BugLink: https://bugs.launchpad.net/bugs/1791758

There might be situations where tty_ldisc_lock() has blocked, but there
is already IO on tty and it prevents line discipline changes.
It might theoretically turn into dead-lock.

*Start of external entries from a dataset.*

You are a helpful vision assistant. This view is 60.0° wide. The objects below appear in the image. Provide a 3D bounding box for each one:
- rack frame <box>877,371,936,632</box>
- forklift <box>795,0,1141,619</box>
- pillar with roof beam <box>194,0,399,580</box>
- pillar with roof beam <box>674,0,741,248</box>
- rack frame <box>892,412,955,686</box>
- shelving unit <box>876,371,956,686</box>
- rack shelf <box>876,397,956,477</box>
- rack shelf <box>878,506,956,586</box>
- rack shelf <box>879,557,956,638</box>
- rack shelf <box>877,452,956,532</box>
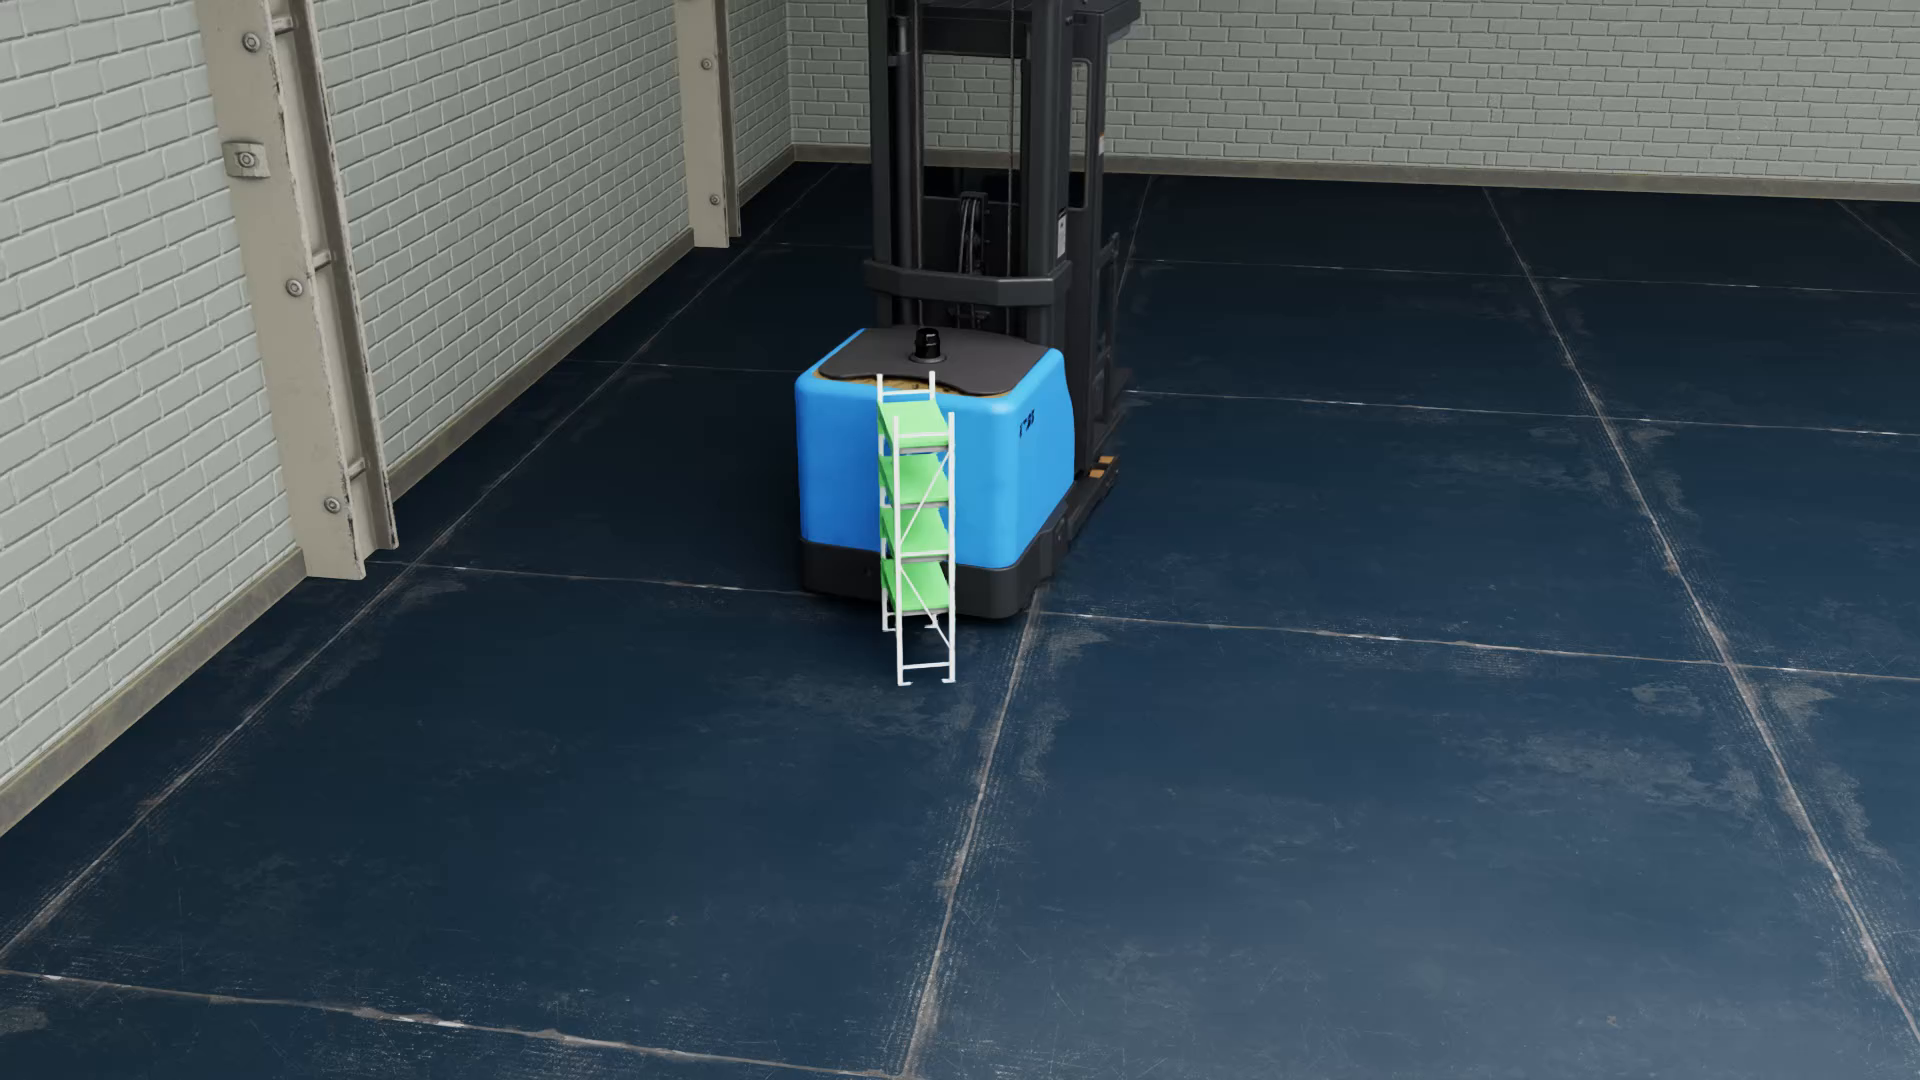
[{"bbox_3d":[-0.225,-0.148,7.151,0.240,1.200,0.015,-4,25,-9],"label":"rack frame"},{"bbox_3d":[0.218,-1.581,8.171,1.130,2.935,3.031,8,26,17],"label":"forklift"},{"bbox_3d":[1.300,-3.682,5.501,9.100,9.000,0.400,4,25,9],"label":"pillar with roof beam"},{"bbox_3d":[2.281,-6.191,10.862,9.100,9.000,0.400,4,25,9],"label":"pillar with roof beam"},{"bbox_3d":[-0.143,0.056,6.716,0.240,1.200,0.015,-4,25,-9],"label":"rack frame"},{"bbox_3d":[-0.184,-0.046,6.934,0.258,1.200,0.503,-4,25,-9],"label":"shelving unit"},{"bbox_3d":[-0.184,-0.423,6.757,0.258,0.148,0.480,-4,25,-9],"label":"rack shelf"},{"bbox_3d":[-0.184,0.012,6.961,0.258,0.148,0.480,-4,25,-9],"label":"rack shelf"},{"bbox_3d":[-0.184,0.229,7.062,0.258,0.148,0.480,-4,25,-9],"label":"rack shelf"},{"bbox_3d":[-0.184,-0.206,6.859,0.258,0.148,0.480,-4,25,-9],"label":"rack shelf"}]

Basically, provide more priority to pending tty_ldisc_lock() than to
servicing reads/writes over tty.

User-visible issue was reported by Mikulas where on pa-risc with
Debian 5 reboot took either 80 seconds, 3 minutes or 3:25 after proper
locking in tty_reopen().

Cc: Jiri Slaby <[hidden email]>
Reported-by: Mikulas Patocka <[hidden email]>
Signed-off-by: Dmitry Safonov <[hidden email]>
Signed-off-by: Greg Kroah-Hartman <[hidden email]>
(cherry-picked from c96cf923a98d1b094df9f0cf97a83e118817e31b upstream)
Signed-off-by: Guilherme G. Piccoli <[hidden email]>
---
 drivers/tty/n_hdlc.c    | 4 ++--
 drivers/tty/n_r3964.c   | 2 +-
 drivers/tty/n_tty.c     | 8 ++++----
 drivers/tty/tty_ldisc.c | 7 +++++++
 include/linux/tty.h     | 7 +++++++
 5 files changed, 21 insertions(+), 7 deletions(-)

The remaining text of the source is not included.